**Task to carry out:** What is the number of lines in the entries that contain "drawing"? Reply with that number only.

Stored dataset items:

%%

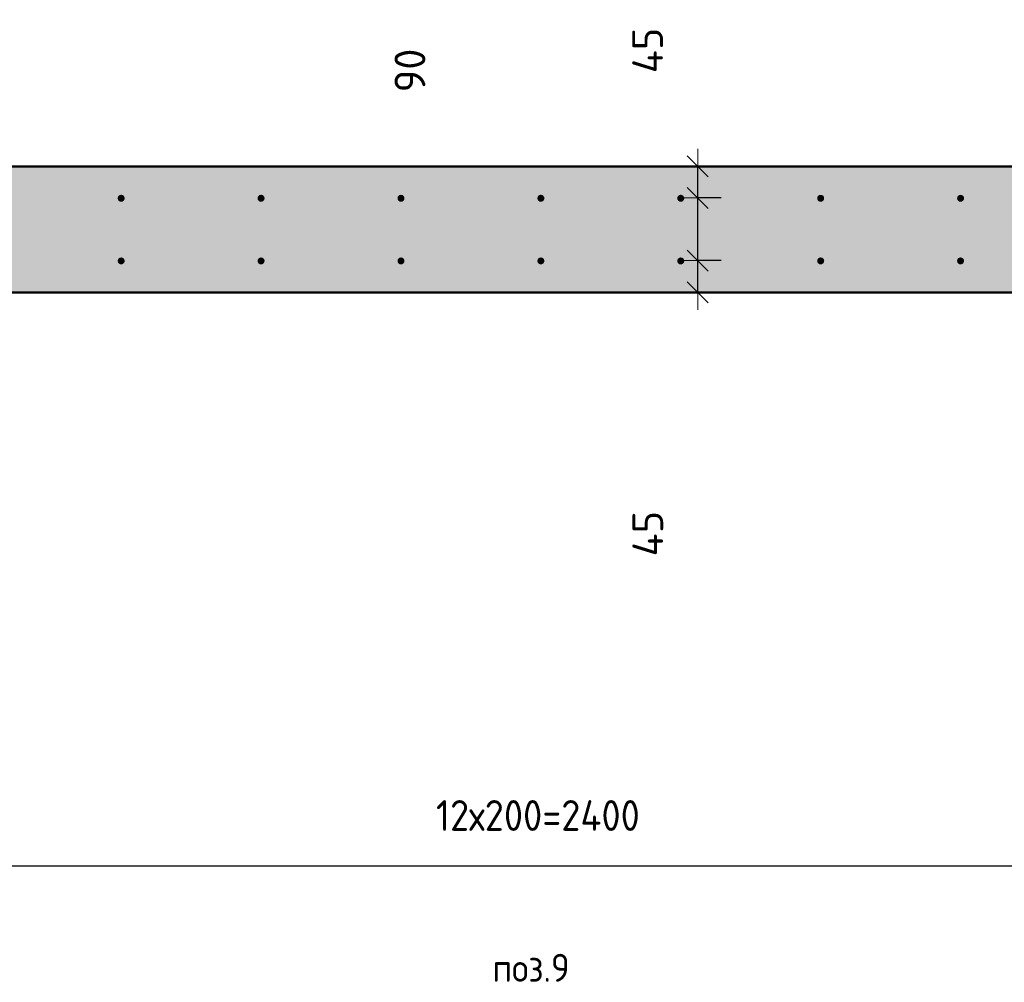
# Model space of a CAD drawing. Header units: millimetres. Extents: x -27380 to 48638, y 46540 to 72525.
# Tile 57 of 106: x 10850 to 12257, y 54974 to 56350. Entities that reach past the tile are written whole.
import ezdxf

# ---------------------------------------------------------------- set-up
doc = ezdxf.new("R2010")
doc.units = ezdxf.units.MM
doc.header["$PDMODE"] = 65
for name, color, linetype, lineweight in [('Standard', 7, 'Continuous', 25), ('Арм.стержн. вертикальными 1', 22, 'Continuous', 35), ('Размерная линия_ общее', 7, 'Continuous', 13)]:
    doc.layers.add(name, color=color, linetype=linetype, lineweight=lineweight)
doc.styles.add('ISOCPEUR', font='ISOCPEUR')
doc.dimstyles.new('DIMSTYLE_2', dxfattribs={"dimtxt": 44, "dimasz": 50, "dimexe": 0, "dimexo": 0, "dimgap": 22, "dimtad": 2, "dimdec": 0, "dimrnd": 5, "dimzin": 12, "dimdsep": 46, "dimtxsty": 'ISOCPEUR', "dimblk1": 'ALL_ML_STRICH', "dimblk2": 'ALL_ML_STRICH', "dimsah": 1, "dimcen": 0, "dimclrd": 7, "dimclre": 256, "dimclrt": 7, "dimadec": 0, "dimazin": 0, "dimtfac": 1, "dimtdec": 0, "dimtix": 1, "dimtmove": 2, "dimatfit": 3, "dimfxl": 0, "dimtvp": 1.2, "dimtzin": 0, "dimlwd": 0, "dimlwe": -3, "dimarcsym": 0})
doc.dimstyles.new('DIMSTYLE_3', dxfattribs={"dimtxt": 44, "dimasz": 50, "dimexe": 0, "dimexo": 0, "dimgap": 22, "dimtad": 2, "dimdec": 0, "dimrnd": 5, "dimzin": 12, "dimdsep": 46, "dimtxsty": 'ISOCPEUR', "dimblk1": 'ALL_ML_STRICH', "dimblk2": 'ALL_ML_STRICH', "dimsah": 1, "dimcen": 0, "dimclrd": 7, "dimclre": 256, "dimclrt": 7, "dimadec": 0, "dimazin": 0, "dimtfac": 1, "dimtdec": 0, "dimtix": 1, "dimtmove": 2, "dimatfit": 3, "dimfxl": 0, "dimtvp": 1.2, "dimtzin": 0, "dimlwd": 0, "dimlwe": -3, "dimarcsym": 0})
doc.dimstyles.new('DIMSTYLE_7', dxfattribs={"dimtxt": 44, "dimasz": 50, "dimexe": 0, "dimexo": 0, "dimgap": 22, "dimtad": 2, "dimdec": 0, "dimrnd": 5, "dimzin": 12, "dimdsep": 46, "dimtxsty": 'ISOCPEUR', "dimblk1": 'ALL_ML_STRICH', "dimblk2": 'ALL_ML_STRICH', "dimsah": 1, "dimcen": 0, "dimclrd": 7, "dimclre": 256, "dimclrt": 7, "dimadec": 0, "dimazin": 0, "dimtfac": 1, "dimtdec": 0, "dimtix": 1, "dimtmove": 2, "dimatfit": 3, "dimfxl": 0, "dimtzin": 0, "dimlwd": 0, "dimlwe": -3, "dimarcsym": 0})

# ---------------------------------------------------------------- blocks, each defined once
blk = doc.blocks.new('ALL_ML_STRICH')
at = {"color": 0, "linetype": 'ByBlock', "lineweight": -2}
for p, q in [((-0.3, -0.3), (0.3, 0.3)), ((0, -0.5), (0, 0.5)), ((-1, 0), (0.5, 0))]:
    blk.add_line(p, q, dxfattribs=at)
blk = doc.blocks.new('*D4')
at = {"layer": 'DEFPOINTS', "color": 7, "linetype": 'Continuous', "lineweight": 13, "transparency": 33554687}
for p in [(11872.9, 56005.5), (11772.4, 55960), (11819.2, 55960)]:
    blk.add_point(p, dxfattribs=at)
at = {"layer": 'Размерная линия_ общее', "color": 253, "linetype": 'Continuous', "lineweight": -2, "true_color": 0xa0a0a0, "transparency": 33554687}
for p, q in [((11852.9, 56005.5), (11819.2, 56005.5)), ((11792.4, 55960), (11819.2, 55960))]:
    blk.add_line(p, q, dxfattribs=at)
at = {"layer": 'Размерная линия_ общее', "color": 7, "linetype": 'Continuous', "lineweight": -2, "transparency": 33554687}
blk.add_line((11819.2, 55960), (11819.2, 56005.5), dxfattribs=at)
at = {"layer": 'Размерная линия_ общее', "color": 7, "linetype": 'Continuous', "lineweight": 13, "transparency": 33554687, "xscale": 50, "yscale": 50, "zscale": 50}
for p, rotation in [((11819.2, 56005.5), 90), ((11819.2, 55960), 270)]:
    blk.add_blockref('ALL_ML_STRICH', p, dxfattribs=dict(at, rotation=rotation))
at = {"layer": 'Размерная линия_ общее', "color": 7, "linetype": 'Continuous', "lineweight": 13, "transparency": 33554687, "insert": (11747.8, 55615.1), "char_height": 44, "width": 88, "attachment_point": 5, "rotation": 90, "style": 'ISOCPEUR'}
blk.add_mtext('\\A1;{45}', dxfattribs=at)
blk = doc.blocks.new('*D5')
at = {"layer": 'DEFPOINTS', "color": 7, "linetype": 'Continuous', "lineweight": 13, "transparency": 33554687}
for p in [(11872.9, 56095), (11819.2, 56005.5), (11872.9, 56005.5)]:
    blk.add_point(p, dxfattribs=at)
at = {"layer": 'Размерная линия_ общее', "color": 253, "linetype": 'Continuous', "lineweight": -2, "true_color": 0xa0a0a0, "transparency": 33554687}
for p, q in [((11852.9, 56095), (11819.2, 56095)), ((11852.9, 56005.5), (11819.2, 56005.5))]:
    blk.add_line(p, q, dxfattribs=at)
at = {"layer": 'Размерная линия_ общее', "color": 7, "linetype": 'Continuous', "lineweight": -2, "transparency": 33554687}
blk.add_line((11819.2, 56005.5), (11819.2, 56095), dxfattribs=at)
at = {"layer": 'Размерная линия_ общее', "color": 7, "linetype": 'Continuous', "lineweight": 13, "transparency": 33554687, "xscale": 50, "yscale": 50, "zscale": 50}
for p, rotation in [((11819.2, 56095), 90), ((11819.2, 56005.5), 270)]:
    blk.add_blockref('ALL_ML_STRICH', p, dxfattribs=dict(at, rotation=rotation))
at = {"layer": 'Размерная линия_ общее', "color": 7, "linetype": 'Continuous', "lineweight": 13, "transparency": 33554687, "insert": (11407.8, 56277.2), "char_height": 44, "width": 88, "attachment_point": 5, "rotation": 90, "style": 'ISOCPEUR'}
blk.add_mtext('\\A1;{90}', dxfattribs=at)
blk = doc.blocks.new('*D6')
at = {"layer": 'DEFPOINTS', "color": 7, "linetype": 'Continuous', "lineweight": 13, "transparency": 33554687}
for p in [(11772.4, 56140), (11819.2, 56095), (11872.9, 56095)]:
    blk.add_point(p, dxfattribs=at)
at = {"layer": 'Размерная линия_ общее', "color": 253, "linetype": 'Continuous', "lineweight": -2, "true_color": 0xa0a0a0, "transparency": 33554687}
for p, q in [((11792.4, 56140), (11819.2, 56140)), ((11852.9, 56095), (11819.2, 56095))]:
    blk.add_line(p, q, dxfattribs=at)
at = {"layer": 'Размерная линия_ общее', "color": 7, "linetype": 'Continuous', "lineweight": -2, "transparency": 33554687}
blk.add_line((11819.2, 56095), (11819.2, 56140), dxfattribs=at)
at = {"layer": 'Размерная линия_ общее', "color": 7, "linetype": 'Continuous', "lineweight": 13, "transparency": 33554687, "xscale": 50, "yscale": 50, "zscale": 50}
for p, rotation in [((11819.2, 56140), 90), ((11819.2, 56095), 270)]:
    blk.add_blockref('ALL_ML_STRICH', p, dxfattribs=dict(at, rotation=rotation))
at = {"layer": 'Размерная линия_ общее', "color": 7, "linetype": 'Continuous', "lineweight": 13, "transparency": 33554687, "insert": (11747.5, 56305.8), "char_height": 44, "width": 88, "attachment_point": 5, "rotation": 90, "style": 'ISOCPEUR'}
blk.add_mtext('\\A1;{45}', dxfattribs=at)
blk = doc.blocks.new('*D383')
at = {"layer": 'DEFPOINTS', "color": 7, "linetype": 'Continuous', "lineweight": 13, "transparency": 33554687}
for p in [(12795, 56081.3), (10395, 56005), (10395, 55140.3)]:
    blk.add_point(p, dxfattribs=at)
at = {"layer": 'Размерная линия_ общее', "color": 253, "linetype": 'Continuous', "lineweight": -2, "true_color": 0xa0a0a0, "transparency": 33554687}
for p, q in [((12795, 56061.3), (12795, 55140.3)), ((10395, 55985), (10395, 55140.3))]:
    blk.add_line(p, q, dxfattribs=at)
at = {"layer": 'Размерная линия_ общее', "color": 7, "linetype": 'Continuous', "lineweight": -2, "transparency": 33554687}
blk.add_line((10395, 55140.3), (12795, 55140.3), dxfattribs=at)
at = {"layer": 'Размерная линия_ общее', "color": 7, "linetype": 'Continuous', "lineweight": 13, "transparency": 33554687, "xscale": 50, "yscale": 50, "zscale": 50, "rotation": 180}
blk.add_blockref('ALL_ML_STRICH', (10395, 55140.3), dxfattribs=at)
at = {"layer": 'Размерная линия_ общее', "color": 7, "linetype": 'Continuous', "lineweight": 13, "transparency": 33554687, "xscale": 50, "yscale": 50, "zscale": 50}
blk.add_blockref('ALL_ML_STRICH', (12795, 55140.3), dxfattribs=at)
at = {"layer": 'Размерная линия_ общее', "color": 7, "linetype": 'Continuous', "lineweight": 13, "transparency": 33554687, "insert": (11445, 55234.3), "char_height": 44, "width": 2.2, "attachment_point": 1, "line_spacing_factor": 0.60241, "style": 'ISOCPEUR'}
blk.add_mtext('\\W0.91;12х200=2400', dxfattribs=at)

msp = doc.modelspace()

# ---------------------------------------------------------------- hatches: boundary and pattern name
at = {"linetype": 'Continuous', "lineweight": 13, "transparency": 33554687}
msp.add_hatch(color=7, dxfattribs=at).paths.add_polyline_path([(14100, 55960), (14100, 56140), (8320, 56140), (8320, 55960)])
at = {"layer": 'Арм.стержн. вертикальными 1', "linetype": 'Continuous', "lineweight": 50, "transparency": 33554687}
for points in [[(11000, 56094.6), (10999.6, 56096.5), (10998.5, 56098.1), (10996.9, 56099.2), (10995, 56099.6), (10993, 56099.2), (10991.4, 56098.1), (10990.3, 56096.5), (10990, 56094.6), (10990.3, 56092.6), (10991.4, 56091), (10993, 56089.9), (10995, 56089.6), (10996.9, 56089.9), (10998.5, 56091), (10999.6, 56092.6)], [(11200, 56094.6), (11199.6, 56096.5), (11198.5, 56098.1), (11196.9, 56099.2), (11195, 56099.6), (11193, 56099.2), (11191.4, 56098.1), (11190.3, 56096.5), (11190, 56094.6), (11190.3, 56092.6), (11191.4, 56091), (11193, 56089.9), (11195, 56089.6), (11196.9, 56089.9), (11198.5, 56091), (11199.6, 56092.6)], [(11400, 56094.6), (11399.6, 56096.5), (11398.5, 56098.1), (11396.9, 56099.2), (11395, 56099.6), (11393, 56099.2), (11391.4, 56098.1), (11390.3, 56096.5), (11390, 56094.6), (11390.3, 56092.6), (11391.4, 56091), (11393, 56089.9), (11395, 56089.6), (11396.9, 56089.9), (11398.5, 56091), (11399.6, 56092.6)], [(11600, 56094.6), (11599.6, 56096.5), (11598.5, 56098.1), (11596.9, 56099.2), (11595, 56099.6), (11593, 56099.2), (11591.4, 56098.1), (11590.3, 56096.5), (11590, 56094.6), (11590.3, 56092.6), (11591.4, 56091), (11593, 56089.9), (11595, 56089.6), (11596.9, 56089.9), (11598.5, 56091), (11599.6, 56092.6)], [(11800, 56094.6), (11799.6, 56096.5), (11798.5, 56098.1), (11796.9, 56099.2), (11795, 56099.6), (11793, 56099.2), (11791.4, 56098.1), (11790.3, 56096.5), (11790, 56094.6), (11790.3, 56092.6), (11791.4, 56091), (11793, 56089.9), (11795, 56089.6), (11796.9, 56089.9), (11798.5, 56091), (11799.6, 56092.6)], [(12000, 56094.5), (11999.6, 56096.5), (11998.5, 56098.1), (11996.9, 56099.2), (11995, 56099.5), (11993, 56099.2), (11991.4, 56098.1), (11990.3, 56096.5), (11990, 56094.5), (11990.3, 56092.6), (11991.4, 56091), (11993, 56089.9), (11995, 56089.5), (11996.9, 56089.9), (11998.5, 56091), (11999.6, 56092.6)], [(12200, 56094.5), (12199.6, 56096.5), (12198.5, 56098.1), (12196.9, 56099.2), (12195, 56099.5), (12193, 56099.2), (12191.4, 56098.1), (12190.3, 56096.5), (12190, 56094.5), (12190.3, 56092.6), (12191.4, 56091), (12193, 56089.9), (12195, 56089.5), (12196.9, 56089.9), (12198.5, 56091), (12199.6, 56092.6)], [(11000, 56005), (10999.6, 56006.9), (10998.5, 56008.6), (10996.9, 56009.6), (10995, 56010), (10993, 56009.6), (10991.4, 56008.6), (10990.3, 56006.9), (10990, 56005), (10990.3, 56003.1), (10991.4, 56001.5), (10993, 56000.4), (10995, 56000), (10996.9, 56000.4), (10998.5, 56001.5), (10999.6, 56003.1)], [(11200, 56005), (11199.6, 56006.9), (11198.5, 56008.6), (11196.9, 56009.6), (11195, 56010), (11193, 56009.6), (11191.4, 56008.6), (11190.3, 56006.9), (11190, 56005), (11190.3, 56003.1), (11191.4, 56001.5), (11193, 56000.4), (11195, 56000), (11196.9, 56000.4), (11198.5, 56001.5), (11199.6, 56003.1)], [(11400, 56005), (11399.6, 56006.9), (11398.5, 56008.6), (11396.9, 56009.6), (11395, 56010), (11393, 56009.6), (11391.4, 56008.6), (11390.3, 56006.9), (11390, 56005), (11390.3, 56003.1), (11391.4, 56001.5), (11393, 56000.4), (11395, 56000), (11396.9, 56000.4), (11398.5, 56001.5), (11399.6, 56003.1)], [(11600, 56005), (11599.6, 56006.9), (11598.5, 56008.6), (11596.9, 56009.6), (11595, 56010), (11593, 56009.6), (11591.4, 56008.6), (11590.3, 56006.9), (11590, 56005), (11590.3, 56003.1), (11591.4, 56001.5), (11593, 56000.4), (11595, 56000), (11596.9, 56000.4), (11598.5, 56001.5), (11599.6, 56003.1)], [(11800, 56005), (11799.6, 56006.9), (11798.5, 56008.6), (11796.9, 56009.6), (11795, 56010), (11793, 56009.6), (11791.4, 56008.6), (11790.3, 56006.9), (11790, 56005), (11790.3, 56003.1), (11791.4, 56001.5), (11793, 56000.4), (11795, 56000), (11796.9, 56000.4), (11798.5, 56001.5), (11799.6, 56003.1)], [(12000, 56005), (11999.6, 56006.9), (11998.5, 56008.6), (11996.9, 56009.6), (11995, 56010), (11993, 56009.6), (11991.4, 56008.6), (11990.3, 56006.9), (11990, 56005), (11990.3, 56003.1), (11991.4, 56001.5), (11993, 56000.4), (11995, 56000), (11996.9, 56000.4), (11998.5, 56001.5), (11999.6, 56003.1)], [(12200, 56005), (12199.6, 56006.9), (12198.5, 56008.6), (12196.9, 56009.6), (12195, 56010), (12193, 56009.6), (12191.4, 56008.6), (12190.3, 56006.9), (12190, 56005), (12190.3, 56003.1), (12191.4, 56001.5), (12193, 56000.4), (12195, 56000), (12196.9, 56000.4), (12198.5, 56001.5), (12199.6, 56003.1)]]:
    msp.add_hatch(color=4, dxfattribs=at).paths.add_polyline_path(points)

# ---------------------------------------------------------------- linework, layer by layer
at = {"color": 7, "linetype": 'Continuous', "lineweight": 50, "transparency": 33554687}
for p, q in [((10280, 56140), (12940, 56140)), ((14100, 55960), (8320, 55960))]:
    msp.add_line(p, q, dxfattribs=at)

# ---------------------------------------------------------------- texts
at = {"layer": 'Standard', "color": 7, "linetype": 'Continuous', "lineweight": 13, "transparency": 33554687, "insert": (11580.9, 54994.6), "char_height": 40, "width": 127.972, "attachment_point": 5, "style": 'ISOCPEUR'}
msp.add_mtext('\\A1;{\\fISOCPEUR|i0|b0;\\H40.000000;\\W0.909091;\\C7;поз.9}\\P', dxfattribs=at)

# ---------------------------------------------------------------- dimensions: what is measured, and where the dimension line sits
at = {"layer": 'Размерная линия_ общее', "color": 7, "linetype": 'Continuous', "lineweight": 13, "transparency": 33554687}
for base, p1, p2, dimstyle, picture, middle in [((11819.2, 56140), (11852.9, 56095), (11792.4, 56140), 'DIMSTYLE_3', '*D6', (11747.5, 56305.8)), ((11819.1889, 56095.0003), (11852.8893, 56005.469), (11852.8893, 56095.0003), 'DIMSTYLE_3', '*D5', (11407.8475, 56277.2085)), ((11819.1889, 56005.469), (11792.4014, 55960), (11852.8893, 56005.469), 'DIMSTYLE_2', '*D4', (11747.8051, 55615.1245))]:
    dim = msp.add_linear_dim(base=base, p1=p1, p2=p2, angle=90, dimstyle=dimstyle, override={"dimpost": '<>', "dimclrd": 7, "dimclre": 253, "dimclrt": 7, "dimlwd": 0, "dimlwe": 65533}, dxfattribs=at)
    dim.commit()
    dim.dimension.update_dxf_attribs({"geometry": picture, "text_midpoint": middle, "dimtype": 160})
dim = msp.add_linear_dim(base=(12795, 55140.3), p1=(10395, 55985), p2=(12795, 56061.3), text='\\W0.91;12х200=2400', dimstyle='DIMSTYLE_7', override={"dimpost": '<>', "dimclrd": 7, "dimclre": 253, "dimclrt": 7, "dimlwd": 0, "dimlwe": 65533}, dxfattribs=at)
dim.commit()
dim.dimension.update_dxf_attribs({"geometry": '*D383', "text_midpoint": (11595, 55162.3), "dimtype": 160})

doc.saveas('drawing.dxf')

%%

**Task response:** 2